We recognize that our study has some limitations. First, the associations observed in our study could be false positives. A false positive association is frequently caused by the confounding effect of population stratification when ethnicity or geographic origin is associated with the phenotype and genotype. We attempted to control for this type of bias by verifying and adjusting for the origin (especially Italian origin). Our sample size is small compared with the majority of genetic association studies. This resulted in a lower power to detect any associations with a high level of statistical significance. Calculation of statistical power using a mean difference per allele of 50 g showed that we had a 44% power to detect an association. Finally, birth weight is a simple measure that does not discern between fat mass and other components.
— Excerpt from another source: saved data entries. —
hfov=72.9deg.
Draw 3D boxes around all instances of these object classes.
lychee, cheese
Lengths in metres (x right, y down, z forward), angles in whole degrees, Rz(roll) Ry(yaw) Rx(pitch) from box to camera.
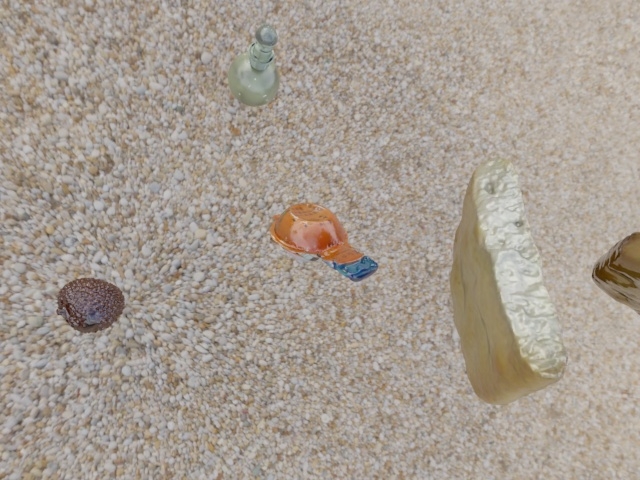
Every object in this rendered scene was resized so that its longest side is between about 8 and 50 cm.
[{"bbox_3d":[-0.485,0.137,0.920,0.129,0.123,0.123,19,72,-56],"label":"lychee"},{"bbox_3d":[0.000,0.000,1.105,0.217,0.329,0.129,-21,132,-37],"label":"cheese"}]

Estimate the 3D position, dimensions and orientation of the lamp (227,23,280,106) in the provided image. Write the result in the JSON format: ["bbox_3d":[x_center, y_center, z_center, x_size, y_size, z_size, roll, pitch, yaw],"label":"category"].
[{"bbox_3d":[-0.102,-0.293,0.719,0.091,0.163,0.090,6,71,-19],"label":"lamp"}]

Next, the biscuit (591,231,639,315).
[{"bbox_3d":[0.433,0.085,0.381,0.359,0.359,0.046,26,87,-19],"label":"biscuit"}]

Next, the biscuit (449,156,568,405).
[{"bbox_3d":[0.326,0.099,0.865,0.104,0.446,0.429,-3,62,5],"label":"biscuit"}]

Future studies need to investigate a more precise measure of fat mass in newborns using total body electric conductivity, dual energy x-ray absorptiometry, or air displacement plethysmography [47].

Conclusions

In conclusion, the present study investigated 494 newborns with well-documented confounding factors that affect birth weight. After exclusion of pathological situations affecting birth weight, the FTO risk allele for obesity showed a significant, inverse association with birth weight. This association remained significant after correction for confounding factors and maternal FTO variants. This observation is compatible with the notion that genetic variants leading to obesity in later life may cause lower weight in fetal life, and supports a role for FTO in early growth.